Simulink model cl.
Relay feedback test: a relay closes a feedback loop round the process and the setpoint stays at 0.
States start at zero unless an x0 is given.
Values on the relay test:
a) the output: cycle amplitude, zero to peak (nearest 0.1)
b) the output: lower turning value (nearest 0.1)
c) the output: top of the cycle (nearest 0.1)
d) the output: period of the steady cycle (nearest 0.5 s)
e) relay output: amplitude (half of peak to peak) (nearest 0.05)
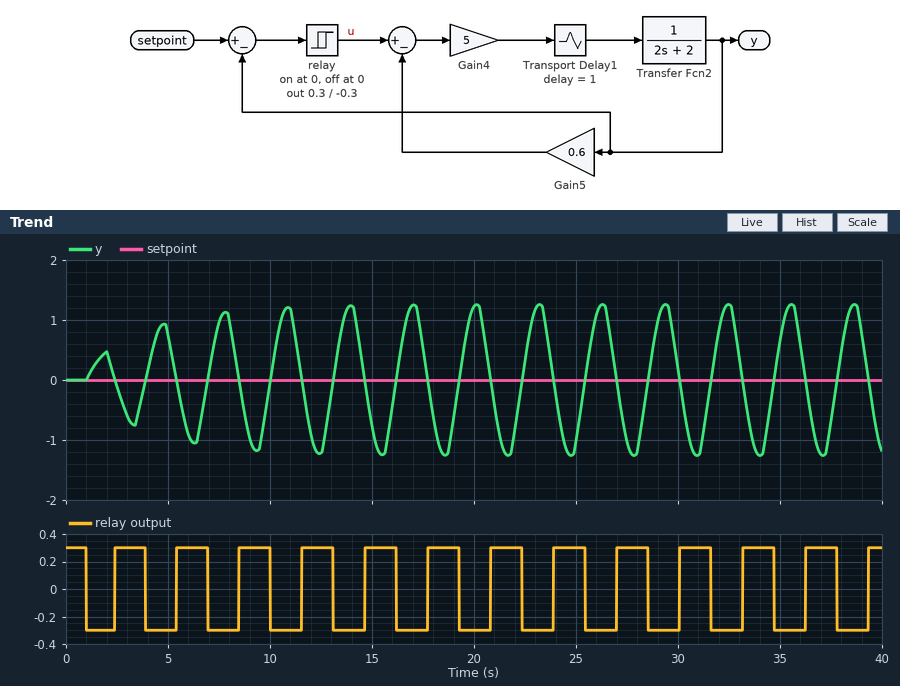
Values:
1.3
-1.3
1.3
3.0 s
0.30
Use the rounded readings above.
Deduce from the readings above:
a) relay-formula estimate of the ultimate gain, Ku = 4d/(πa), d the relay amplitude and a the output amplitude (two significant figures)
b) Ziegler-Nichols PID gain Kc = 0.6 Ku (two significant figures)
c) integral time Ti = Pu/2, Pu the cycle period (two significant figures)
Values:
0.29
0.17
1.5 s
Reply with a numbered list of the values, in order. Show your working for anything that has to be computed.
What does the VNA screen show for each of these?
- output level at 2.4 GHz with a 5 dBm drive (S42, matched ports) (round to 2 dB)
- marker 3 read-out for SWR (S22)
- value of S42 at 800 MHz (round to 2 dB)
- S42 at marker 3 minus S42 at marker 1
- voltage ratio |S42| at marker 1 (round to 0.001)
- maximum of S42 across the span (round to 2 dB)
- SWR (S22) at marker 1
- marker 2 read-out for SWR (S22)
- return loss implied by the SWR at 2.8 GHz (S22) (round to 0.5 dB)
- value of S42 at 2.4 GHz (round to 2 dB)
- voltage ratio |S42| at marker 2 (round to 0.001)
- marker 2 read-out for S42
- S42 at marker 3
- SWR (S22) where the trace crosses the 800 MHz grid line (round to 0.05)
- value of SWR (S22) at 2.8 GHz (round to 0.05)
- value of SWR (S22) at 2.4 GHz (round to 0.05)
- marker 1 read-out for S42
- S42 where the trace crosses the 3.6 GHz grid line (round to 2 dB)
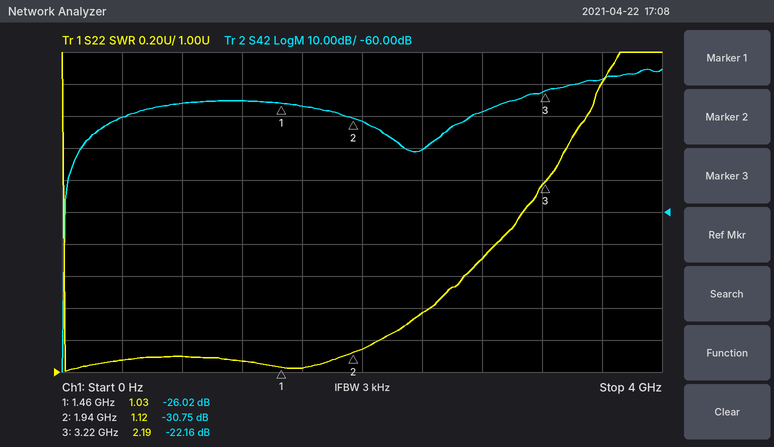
1. 5 dBm + (-40 dB) = -36 dBm
2. 2.19
3. -26 dB
4. -22.16 − (-26.02) = 3.86 dB
5. 10^(-26.02/20) ≈ 0.050
6. -16 dB
7. 1.03
8. 1.12
9. −20 log10((1.7 − 1)/(1.7 + 1)) ≈ 11.7 dB, so 11.5 dB to the nearest 0.5 dB
10. -40 dB
11. 10^(-30.75/20) ≈ 0.029
12. -30.75 dB
13. -22.16 dB
14. 1.10
15. 1.70
16. 1.35
17. -26.02 dB
18. -18 dB
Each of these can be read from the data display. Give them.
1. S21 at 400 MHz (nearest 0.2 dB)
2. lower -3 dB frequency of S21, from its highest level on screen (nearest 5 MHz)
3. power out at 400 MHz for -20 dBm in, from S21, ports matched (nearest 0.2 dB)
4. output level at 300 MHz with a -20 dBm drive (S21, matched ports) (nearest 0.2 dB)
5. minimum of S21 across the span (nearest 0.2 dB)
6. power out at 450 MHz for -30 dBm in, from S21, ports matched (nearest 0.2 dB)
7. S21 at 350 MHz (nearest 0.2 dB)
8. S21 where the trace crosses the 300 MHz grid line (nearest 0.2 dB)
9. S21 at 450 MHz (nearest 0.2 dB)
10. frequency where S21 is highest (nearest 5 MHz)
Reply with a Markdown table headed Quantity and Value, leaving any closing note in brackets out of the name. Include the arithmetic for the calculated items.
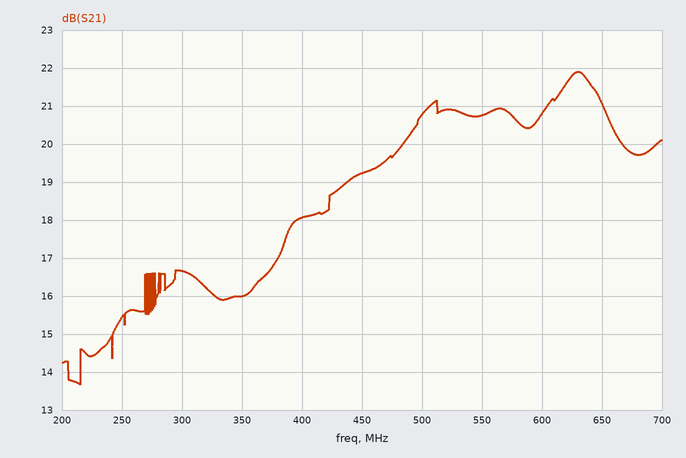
| Quantity | Value |
|---|---|
| S21 at 400 MHz | 18.0 dB |
| lower -3 dB frequency of S21, from its highest level on screen | 435 MHz |
| power out at 400 MHz for -20 dBm in, from S21, ports matched | -20 dBm + (18.0 dB) = -2.0 dBm |
| output level at 300 MHz with a -20 dBm drive (S21, matched ports) | -20 dBm + (16.6 dB) = -3.4 dBm |
| minimum of S21 across the span | 13.6 dB |
| power out at 450 MHz for -30 dBm in, from S21, ports matched | -30 dBm + (19.2 dB) = -10.8 dBm |
| S21 at 350 MHz | 16.0 dB |
| S21 where the trace crosses the 300 MHz grid line | 16.6 dB |
| S21 at 450 MHz | 19.2 dB |
| frequency where S21 is highest | 630 MHz |
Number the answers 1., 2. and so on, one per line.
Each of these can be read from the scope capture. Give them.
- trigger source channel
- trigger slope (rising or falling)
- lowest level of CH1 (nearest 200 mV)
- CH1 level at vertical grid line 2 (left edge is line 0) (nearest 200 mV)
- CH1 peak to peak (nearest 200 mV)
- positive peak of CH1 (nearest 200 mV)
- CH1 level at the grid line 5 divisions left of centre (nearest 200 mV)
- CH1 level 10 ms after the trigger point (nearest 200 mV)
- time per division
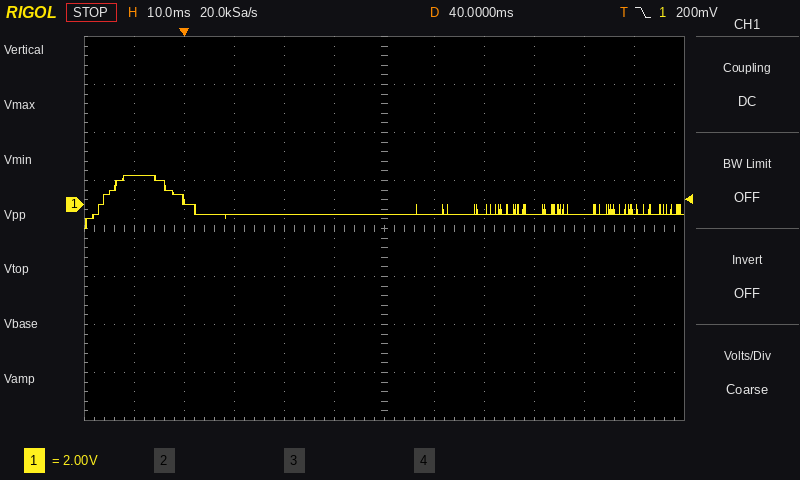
1. CH1
2. falling
3. -1.0 V
4. 200 mV
5. 2.2 V
6. 1.2 V
7. 1.2 V
8. -400 mV
9. 10 ms
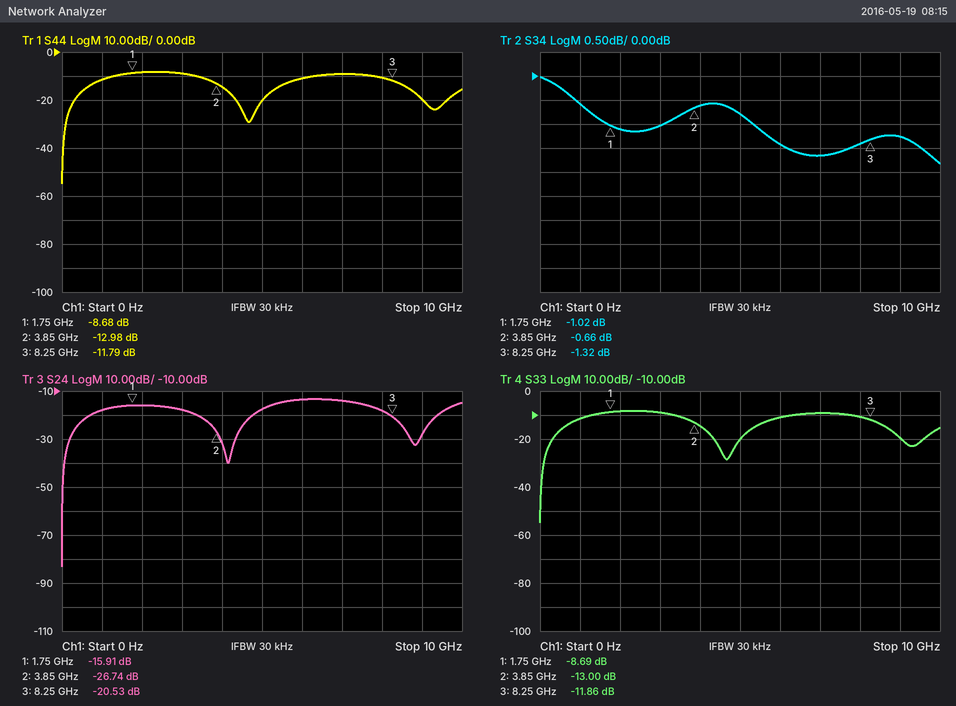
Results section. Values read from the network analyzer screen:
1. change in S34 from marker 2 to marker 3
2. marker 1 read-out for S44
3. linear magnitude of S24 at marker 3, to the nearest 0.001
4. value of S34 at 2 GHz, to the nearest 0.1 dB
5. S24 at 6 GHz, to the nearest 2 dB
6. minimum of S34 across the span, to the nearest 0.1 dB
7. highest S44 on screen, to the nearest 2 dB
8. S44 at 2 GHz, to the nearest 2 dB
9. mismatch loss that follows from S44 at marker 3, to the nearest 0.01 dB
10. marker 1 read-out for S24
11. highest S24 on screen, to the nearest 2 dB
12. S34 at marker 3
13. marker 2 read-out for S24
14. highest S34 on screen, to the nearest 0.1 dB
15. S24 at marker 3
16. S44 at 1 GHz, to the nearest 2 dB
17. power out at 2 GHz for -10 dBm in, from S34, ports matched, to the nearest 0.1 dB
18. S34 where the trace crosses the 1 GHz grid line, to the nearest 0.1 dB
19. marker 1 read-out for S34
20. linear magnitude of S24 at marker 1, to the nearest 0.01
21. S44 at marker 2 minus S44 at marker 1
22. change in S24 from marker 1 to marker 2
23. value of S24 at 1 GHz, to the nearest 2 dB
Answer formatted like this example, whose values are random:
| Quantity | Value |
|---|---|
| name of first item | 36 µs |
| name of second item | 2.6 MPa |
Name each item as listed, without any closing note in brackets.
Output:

####################

_INSTRUCTIONS FOR THE TASK_
The lines to reproduce run from the one above containing "Number the answers" through the one containing "5. S24 at 6 GHz, to the nearest 2 dB". Copy them exactly and leave out all pictures.

_RESULT OF THIS EXERCISE_
Number the answers 1., 2. and so on, one per line.
Each of these can be read from the scope capture. Give them.
- trigger source channel
- trigger slope (rising or falling)
- lowest level of CH1 (nearest 200 mV)
- CH1 level at vertical grid line 2 (left edge is line 0) (nearest 200 mV)
- CH1 peak to peak (nearest 200 mV)
- positive peak of CH1 (nearest 200 mV)
- CH1 level at the grid line 5 divisions left of centre (nearest 200 mV)
- CH1 level 10 ms after the trigger point (nearest 200 mV)
- time per division
1. CH1
2. falling
3. -1.0 V
4. 200 mV
5. 2.2 V
6. 1.2 V
7. 1.2 V
8. -400 mV
9. 10 ms
Results section. Values read from the network analyzer screen:
1. change in S34 from marker 2 to marker 3
2. marker 1 read-out for S44
3. linear magnitude of S24 at marker 3, to the nearest 0.001
4. value of S34 at 2 GHz, to the nearest 0.1 dB
5. S24 at 6 GHz, to the nearest 2 dB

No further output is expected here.